An exact copy is needed of the lines from the one that contains "Step 2: click (187, 519)" through the final line of the data below, with pictures left out.

[Opening Working data section]

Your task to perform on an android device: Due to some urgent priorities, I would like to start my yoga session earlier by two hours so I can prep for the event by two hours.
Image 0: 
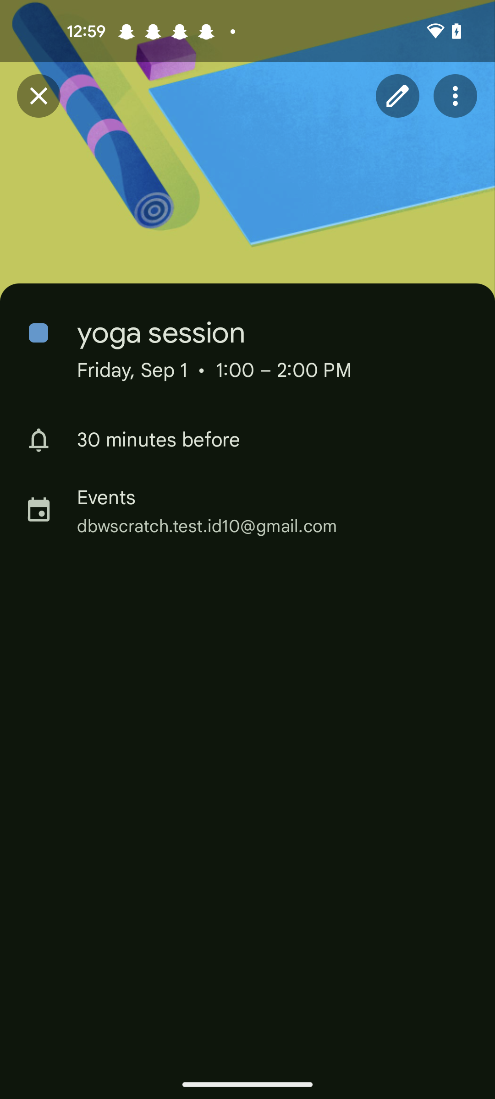
Click on the Edit icon at the top of the screen
Step 0: click (397, 96)
Image 1: 
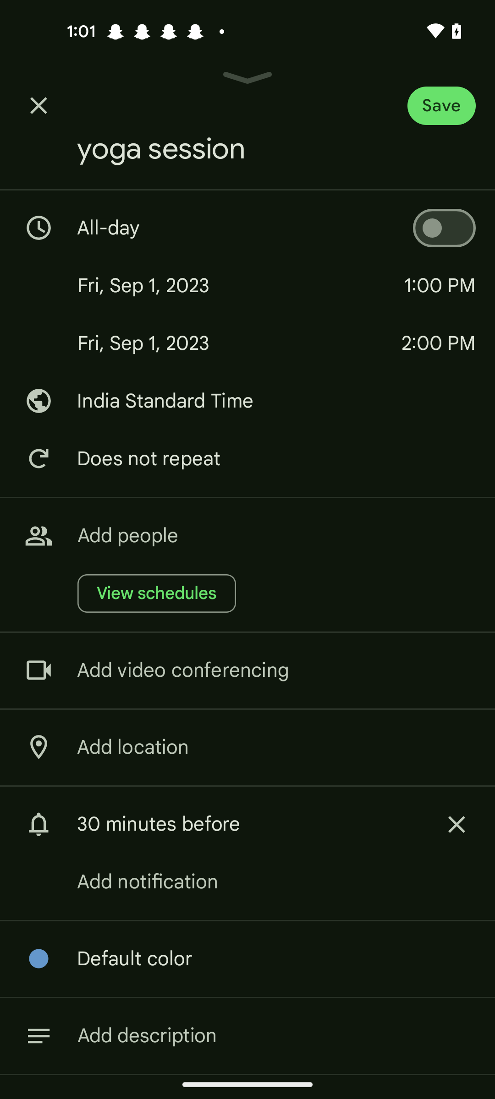
Click on the time 
Step 1: click (440, 285)
Image 2: 
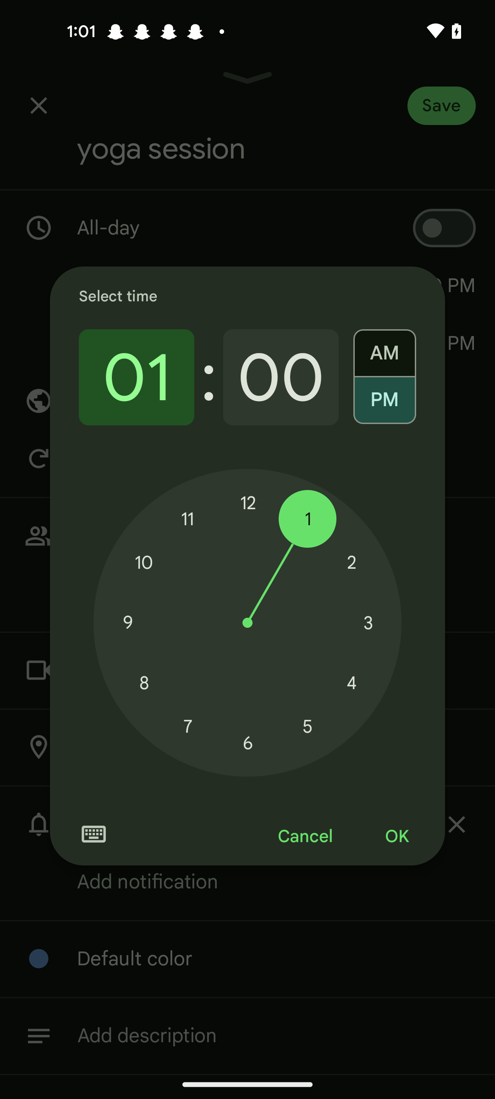
Set hours to 11
Step 2: click (187, 519)
Image 4: 
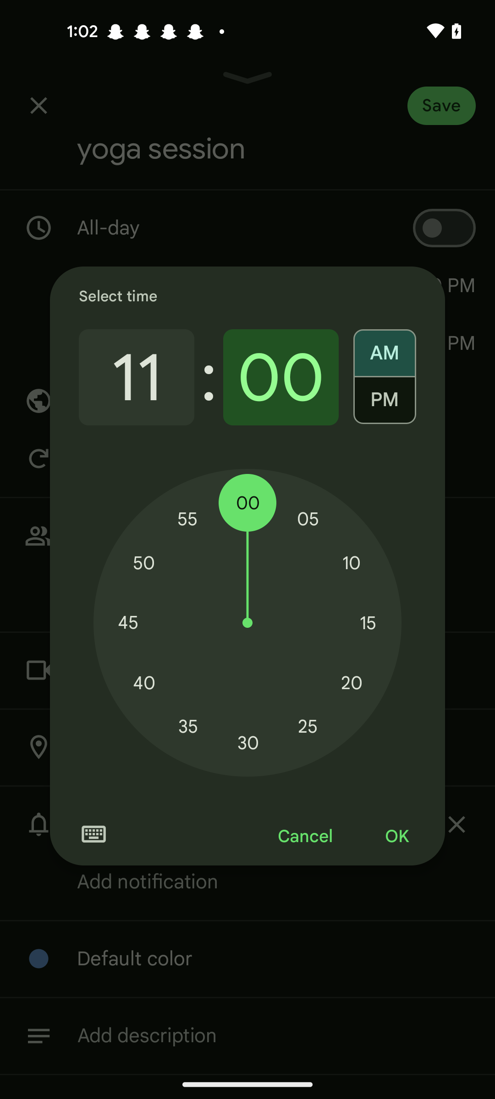
Click on the ok button of the screen
Step 4: click (396, 837)
Image 5: 
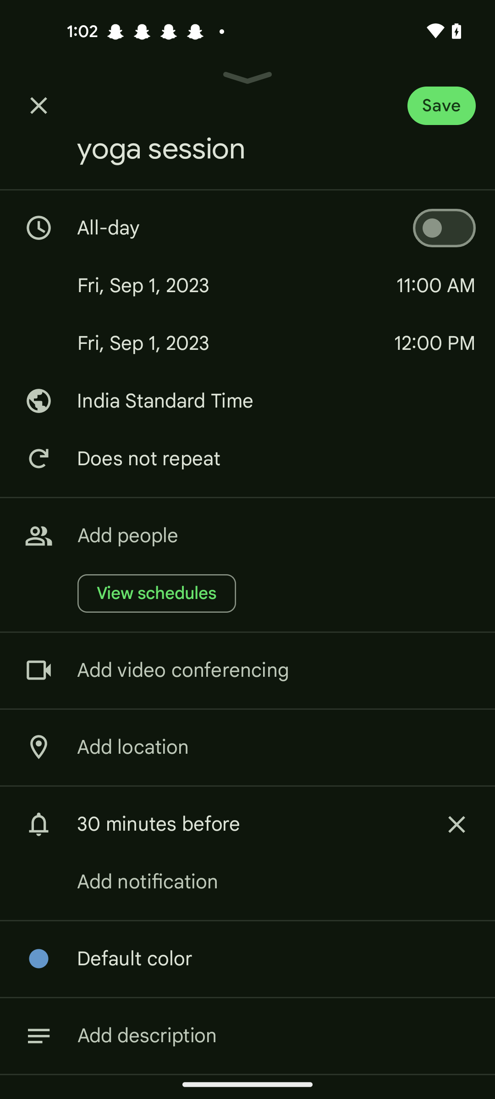
Click on the save button
Step 5: click (461, 100)
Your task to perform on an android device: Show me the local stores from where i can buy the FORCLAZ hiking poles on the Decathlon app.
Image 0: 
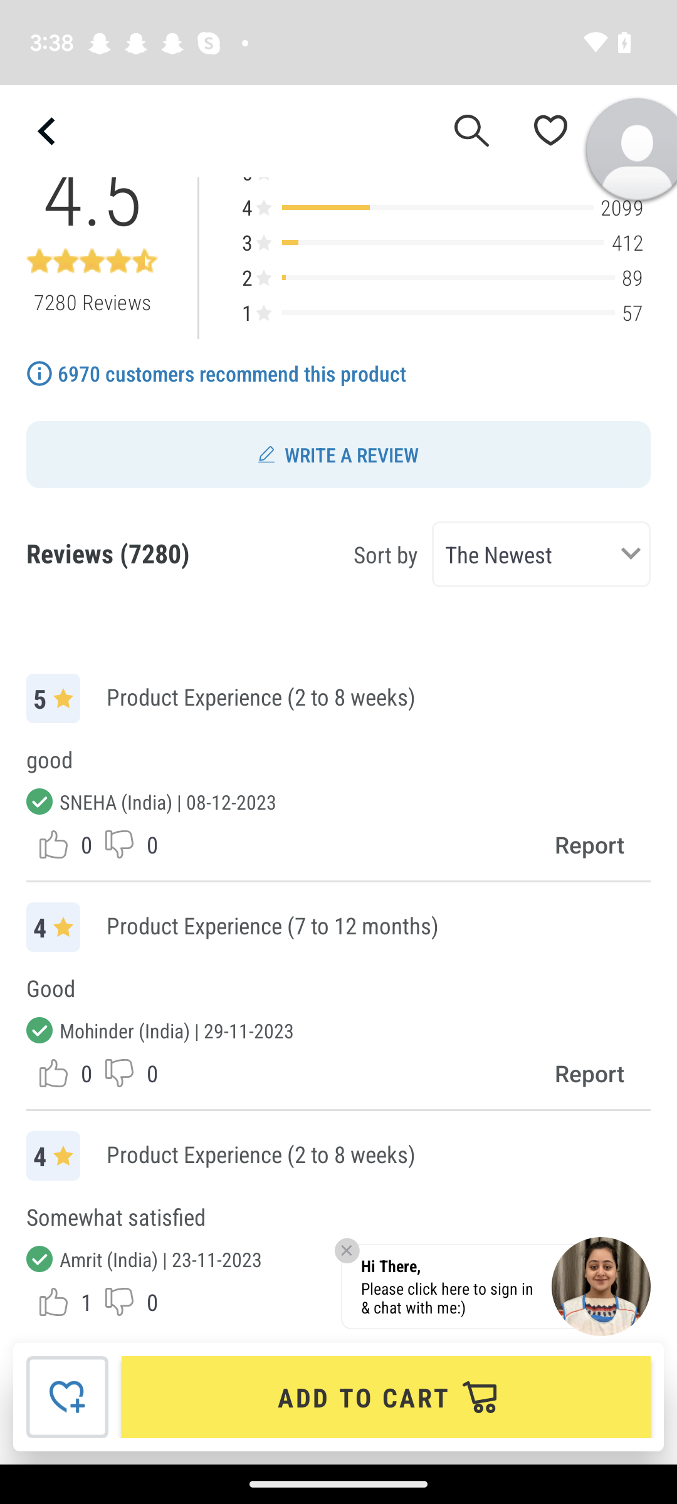
Scroll down until you find the free pickup in store available.
Step 0: scroll up
Image 1: 
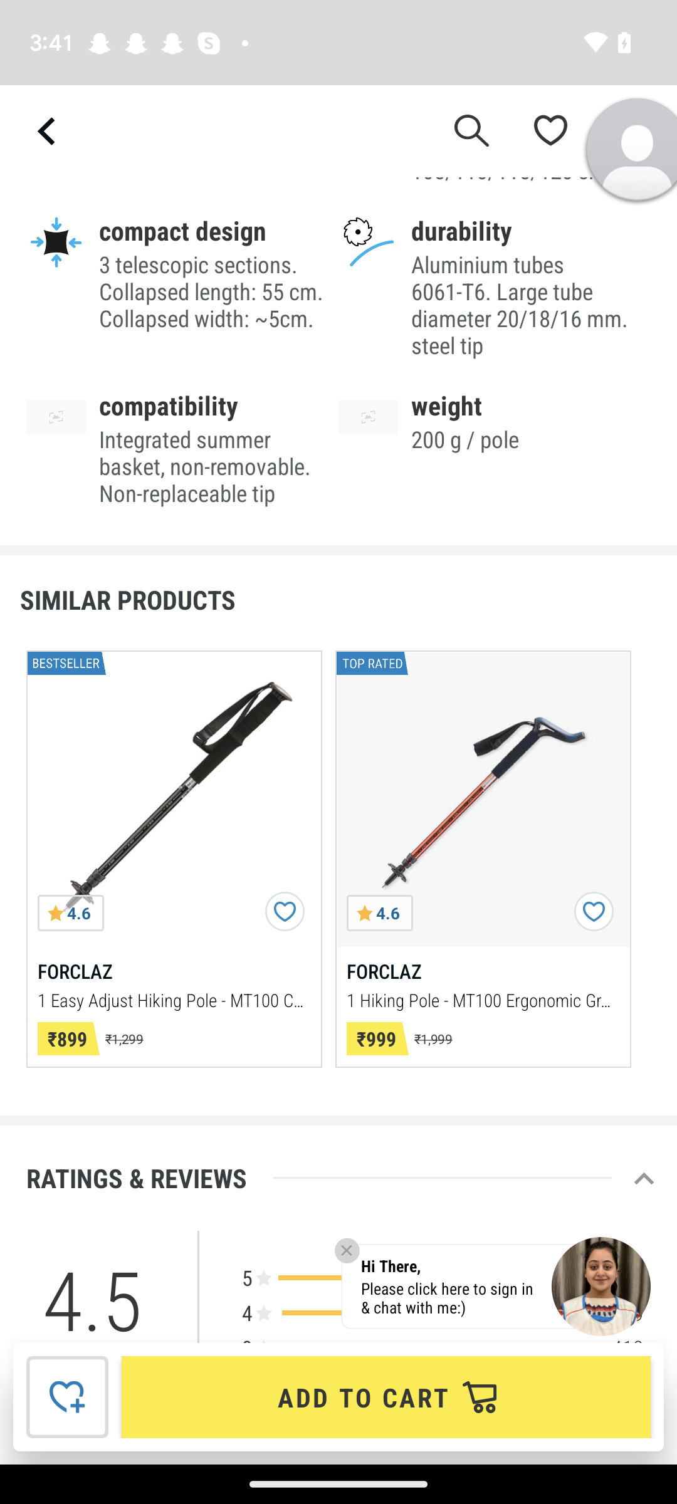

[Closing Working data section]

#### The answer:
Step 2: click (187, 519)
Image 4: 
Click on the ok button of the screen
Step 4: click (396, 837)
Image 5: 
Click on the save button
Step 5: click (461, 100)
Your task to perform on an android device: Show me the local stores from where i can buy the FORCLAZ hiking poles on the Decathlon app.
Image 0: 
Scroll down until you find the free pickup in store available.
Step 0: scroll up
Image 1: 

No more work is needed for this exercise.